__What is being asked__: Locate the line containing "In the same image, the street light (935, 462, 940, 491)." in the data below. Reproduce it and every following line up to the end, exactly as given.
--
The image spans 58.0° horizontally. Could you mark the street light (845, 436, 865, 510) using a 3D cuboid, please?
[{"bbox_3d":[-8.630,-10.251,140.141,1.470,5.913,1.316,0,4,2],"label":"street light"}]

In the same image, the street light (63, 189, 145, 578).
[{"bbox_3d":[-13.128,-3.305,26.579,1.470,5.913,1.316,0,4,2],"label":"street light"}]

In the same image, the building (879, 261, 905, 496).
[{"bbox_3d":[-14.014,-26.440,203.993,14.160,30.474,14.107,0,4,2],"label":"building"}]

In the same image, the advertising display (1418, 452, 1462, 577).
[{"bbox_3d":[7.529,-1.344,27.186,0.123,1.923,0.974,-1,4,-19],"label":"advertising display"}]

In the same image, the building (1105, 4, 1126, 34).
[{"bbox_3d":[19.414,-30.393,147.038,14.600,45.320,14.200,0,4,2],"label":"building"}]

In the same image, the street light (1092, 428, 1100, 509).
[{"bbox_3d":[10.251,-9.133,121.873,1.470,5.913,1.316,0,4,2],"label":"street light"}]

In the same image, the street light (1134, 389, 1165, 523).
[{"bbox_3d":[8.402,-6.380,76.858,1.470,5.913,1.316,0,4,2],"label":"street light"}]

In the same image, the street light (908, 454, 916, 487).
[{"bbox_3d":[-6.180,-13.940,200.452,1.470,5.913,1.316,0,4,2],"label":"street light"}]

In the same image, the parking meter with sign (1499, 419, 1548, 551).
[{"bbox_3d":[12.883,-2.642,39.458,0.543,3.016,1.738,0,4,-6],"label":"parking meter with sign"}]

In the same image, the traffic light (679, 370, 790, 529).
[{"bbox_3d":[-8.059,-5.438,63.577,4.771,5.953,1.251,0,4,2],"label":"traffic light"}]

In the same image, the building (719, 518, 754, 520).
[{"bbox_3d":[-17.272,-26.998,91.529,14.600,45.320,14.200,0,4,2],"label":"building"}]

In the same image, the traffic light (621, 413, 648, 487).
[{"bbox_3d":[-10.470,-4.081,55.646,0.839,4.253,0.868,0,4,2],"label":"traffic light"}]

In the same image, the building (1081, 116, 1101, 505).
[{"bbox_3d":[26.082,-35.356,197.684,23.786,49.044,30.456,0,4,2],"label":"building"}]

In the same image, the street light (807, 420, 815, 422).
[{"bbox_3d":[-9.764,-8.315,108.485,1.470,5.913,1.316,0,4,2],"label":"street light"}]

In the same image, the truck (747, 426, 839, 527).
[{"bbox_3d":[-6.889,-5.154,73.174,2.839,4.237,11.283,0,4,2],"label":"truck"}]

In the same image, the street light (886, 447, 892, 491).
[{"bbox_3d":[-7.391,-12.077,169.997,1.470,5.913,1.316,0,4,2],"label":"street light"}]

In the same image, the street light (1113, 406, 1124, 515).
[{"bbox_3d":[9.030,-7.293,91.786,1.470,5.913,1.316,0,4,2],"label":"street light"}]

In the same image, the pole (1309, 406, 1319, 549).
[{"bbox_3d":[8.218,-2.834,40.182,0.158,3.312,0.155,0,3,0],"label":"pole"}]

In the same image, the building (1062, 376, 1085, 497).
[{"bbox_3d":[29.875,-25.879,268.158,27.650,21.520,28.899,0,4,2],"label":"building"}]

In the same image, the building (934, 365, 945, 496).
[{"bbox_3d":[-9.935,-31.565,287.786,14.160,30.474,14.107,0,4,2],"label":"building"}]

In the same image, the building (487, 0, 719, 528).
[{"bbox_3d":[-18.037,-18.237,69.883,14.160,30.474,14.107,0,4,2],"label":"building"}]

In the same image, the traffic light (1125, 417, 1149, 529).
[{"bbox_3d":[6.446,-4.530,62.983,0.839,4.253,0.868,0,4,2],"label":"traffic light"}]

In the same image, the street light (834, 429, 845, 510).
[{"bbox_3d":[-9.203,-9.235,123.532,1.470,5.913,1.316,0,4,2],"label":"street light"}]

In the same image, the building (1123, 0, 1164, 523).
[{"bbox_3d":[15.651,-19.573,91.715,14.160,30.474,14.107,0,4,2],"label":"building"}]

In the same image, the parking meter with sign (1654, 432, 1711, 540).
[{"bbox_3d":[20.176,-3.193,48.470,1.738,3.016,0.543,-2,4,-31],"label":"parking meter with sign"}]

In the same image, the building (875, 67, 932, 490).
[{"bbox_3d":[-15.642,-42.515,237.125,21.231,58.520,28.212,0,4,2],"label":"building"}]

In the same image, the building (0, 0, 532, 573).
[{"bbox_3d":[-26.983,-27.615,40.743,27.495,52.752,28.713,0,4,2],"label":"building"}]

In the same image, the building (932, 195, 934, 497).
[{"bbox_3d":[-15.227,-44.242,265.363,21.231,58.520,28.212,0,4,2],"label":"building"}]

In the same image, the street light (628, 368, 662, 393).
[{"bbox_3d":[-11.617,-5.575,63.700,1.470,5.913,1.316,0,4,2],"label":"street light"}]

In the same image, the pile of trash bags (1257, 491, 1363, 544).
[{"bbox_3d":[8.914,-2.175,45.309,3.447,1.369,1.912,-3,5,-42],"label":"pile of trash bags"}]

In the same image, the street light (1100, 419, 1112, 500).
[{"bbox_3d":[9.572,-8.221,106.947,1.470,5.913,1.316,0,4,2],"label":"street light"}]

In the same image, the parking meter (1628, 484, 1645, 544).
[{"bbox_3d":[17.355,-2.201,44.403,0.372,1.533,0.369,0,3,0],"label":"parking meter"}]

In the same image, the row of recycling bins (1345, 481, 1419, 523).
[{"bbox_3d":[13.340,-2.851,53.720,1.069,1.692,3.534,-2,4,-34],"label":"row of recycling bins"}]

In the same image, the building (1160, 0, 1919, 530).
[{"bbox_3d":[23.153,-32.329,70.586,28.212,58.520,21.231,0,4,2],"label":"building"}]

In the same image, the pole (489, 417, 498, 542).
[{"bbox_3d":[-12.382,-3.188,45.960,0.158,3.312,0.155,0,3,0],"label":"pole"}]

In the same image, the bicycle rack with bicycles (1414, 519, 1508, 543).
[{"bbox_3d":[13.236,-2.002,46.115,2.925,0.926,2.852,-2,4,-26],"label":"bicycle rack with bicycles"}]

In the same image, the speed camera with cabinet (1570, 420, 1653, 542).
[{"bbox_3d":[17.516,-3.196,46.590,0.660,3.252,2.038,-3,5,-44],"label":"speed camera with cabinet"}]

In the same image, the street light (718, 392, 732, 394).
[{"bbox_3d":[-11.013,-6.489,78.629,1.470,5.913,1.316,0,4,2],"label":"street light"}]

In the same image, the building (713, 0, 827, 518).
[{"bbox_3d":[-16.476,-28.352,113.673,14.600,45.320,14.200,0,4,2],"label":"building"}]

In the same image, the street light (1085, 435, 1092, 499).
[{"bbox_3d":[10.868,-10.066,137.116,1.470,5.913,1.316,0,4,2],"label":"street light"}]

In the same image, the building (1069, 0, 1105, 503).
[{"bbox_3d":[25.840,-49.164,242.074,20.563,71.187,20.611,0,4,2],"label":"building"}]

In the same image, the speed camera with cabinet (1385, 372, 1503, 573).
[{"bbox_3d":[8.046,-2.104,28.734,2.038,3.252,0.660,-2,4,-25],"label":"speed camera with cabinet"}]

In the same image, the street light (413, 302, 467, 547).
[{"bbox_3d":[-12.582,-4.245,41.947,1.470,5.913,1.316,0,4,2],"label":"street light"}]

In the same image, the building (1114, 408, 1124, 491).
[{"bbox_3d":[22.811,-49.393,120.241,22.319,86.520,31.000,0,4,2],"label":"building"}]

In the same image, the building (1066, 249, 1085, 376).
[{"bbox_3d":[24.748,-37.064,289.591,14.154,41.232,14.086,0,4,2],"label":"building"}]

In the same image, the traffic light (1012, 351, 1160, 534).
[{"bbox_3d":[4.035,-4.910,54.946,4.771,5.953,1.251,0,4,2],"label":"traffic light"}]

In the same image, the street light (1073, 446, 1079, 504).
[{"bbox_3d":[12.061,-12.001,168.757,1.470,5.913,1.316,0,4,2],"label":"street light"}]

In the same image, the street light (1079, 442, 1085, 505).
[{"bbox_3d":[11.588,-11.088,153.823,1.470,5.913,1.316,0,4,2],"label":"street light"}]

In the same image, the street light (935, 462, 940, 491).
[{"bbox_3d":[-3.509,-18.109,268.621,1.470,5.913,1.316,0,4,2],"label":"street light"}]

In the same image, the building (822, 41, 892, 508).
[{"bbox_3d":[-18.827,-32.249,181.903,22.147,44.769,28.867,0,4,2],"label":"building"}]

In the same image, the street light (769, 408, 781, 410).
--
__Task output__:
In the same image, the street light (935, 462, 940, 491).
[{"bbox_3d":[-3.509,-18.109,268.621,1.470,5.913,1.316,0,4,2],"label":"street light"}]

In the same image, the building (822, 41, 892, 508).
[{"bbox_3d":[-18.827,-32.249,181.903,22.147,44.769,28.867,0,4,2],"label":"building"}]

In the same image, the street light (769, 408, 781, 410).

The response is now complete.